Problem statement: Only the lines containing "unless" belong in the answer; find them in the material below.

[[ Records, beginning ]]

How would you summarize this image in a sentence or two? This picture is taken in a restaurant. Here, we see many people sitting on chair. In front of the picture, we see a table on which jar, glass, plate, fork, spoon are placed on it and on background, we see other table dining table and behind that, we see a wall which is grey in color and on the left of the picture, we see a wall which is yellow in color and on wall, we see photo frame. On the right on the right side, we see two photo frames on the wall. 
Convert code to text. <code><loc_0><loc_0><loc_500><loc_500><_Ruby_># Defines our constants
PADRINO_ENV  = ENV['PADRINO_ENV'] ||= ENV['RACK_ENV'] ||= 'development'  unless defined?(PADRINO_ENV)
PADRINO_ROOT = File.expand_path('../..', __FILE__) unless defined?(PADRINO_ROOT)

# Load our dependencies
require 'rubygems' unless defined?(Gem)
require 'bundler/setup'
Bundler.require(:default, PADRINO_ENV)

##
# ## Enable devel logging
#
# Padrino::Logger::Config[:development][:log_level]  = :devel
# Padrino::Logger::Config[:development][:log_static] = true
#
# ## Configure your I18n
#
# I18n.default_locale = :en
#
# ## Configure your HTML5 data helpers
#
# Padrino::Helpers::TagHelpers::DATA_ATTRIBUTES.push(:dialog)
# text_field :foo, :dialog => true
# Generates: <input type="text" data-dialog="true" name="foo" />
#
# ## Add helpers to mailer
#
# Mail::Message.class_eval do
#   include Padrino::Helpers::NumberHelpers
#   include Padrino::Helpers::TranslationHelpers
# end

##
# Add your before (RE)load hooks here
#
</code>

[[ Records, end ]]
[[ Records, beginning ]]

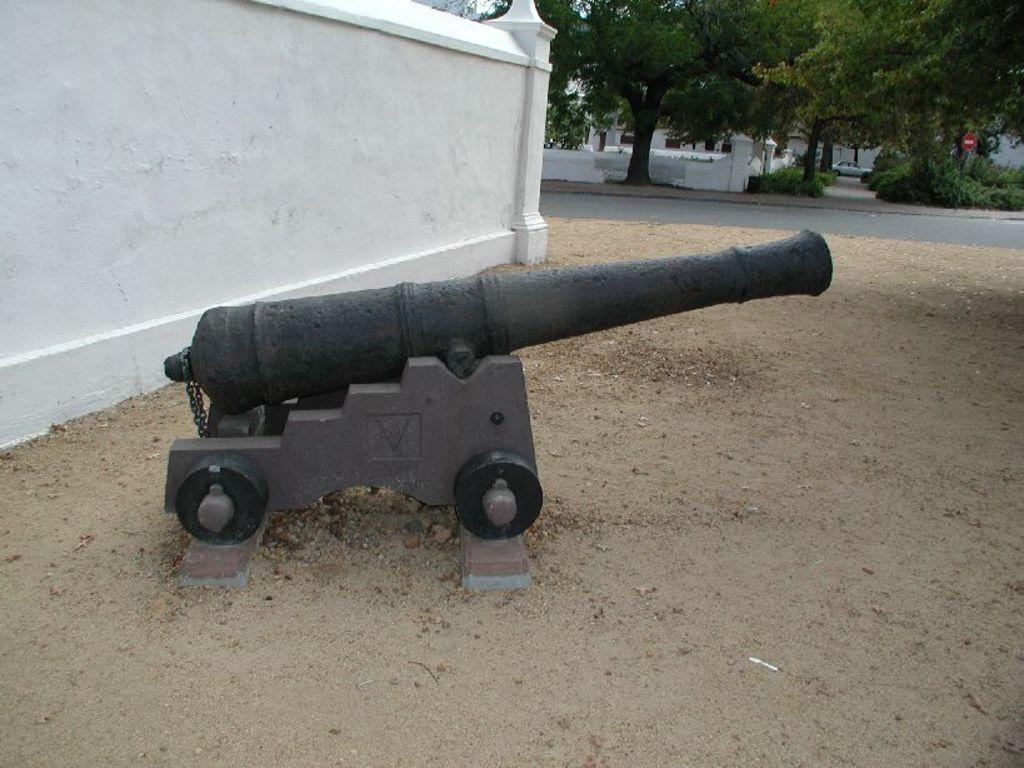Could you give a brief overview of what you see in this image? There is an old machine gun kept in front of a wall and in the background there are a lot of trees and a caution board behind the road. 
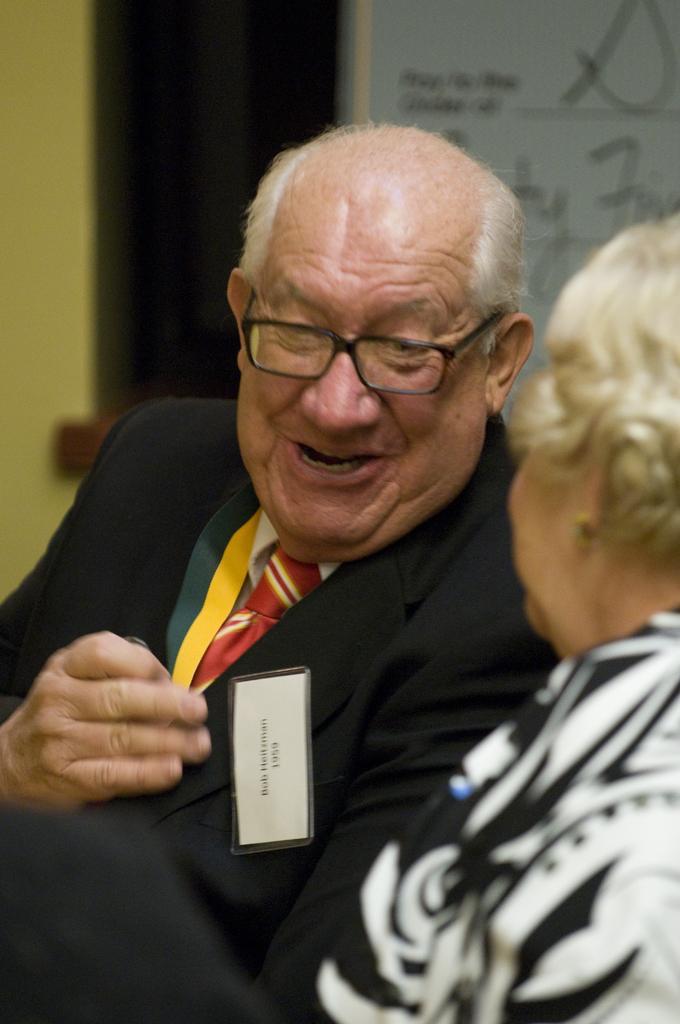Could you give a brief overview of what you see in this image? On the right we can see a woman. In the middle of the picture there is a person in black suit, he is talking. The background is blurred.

[[ Records, end ]]

Result of the exercise:
PADRINO_ENV  = ENV['PADRINO_ENV'] ||= ENV['RACK_ENV'] ||= 'development'  unless defined?(PADRINO_ENV)
PADRINO_ROOT = File.expand_path('../..', __FILE__) unless defined?(PADRINO_ROOT)
require 'rubygems' unless defined?(Gem)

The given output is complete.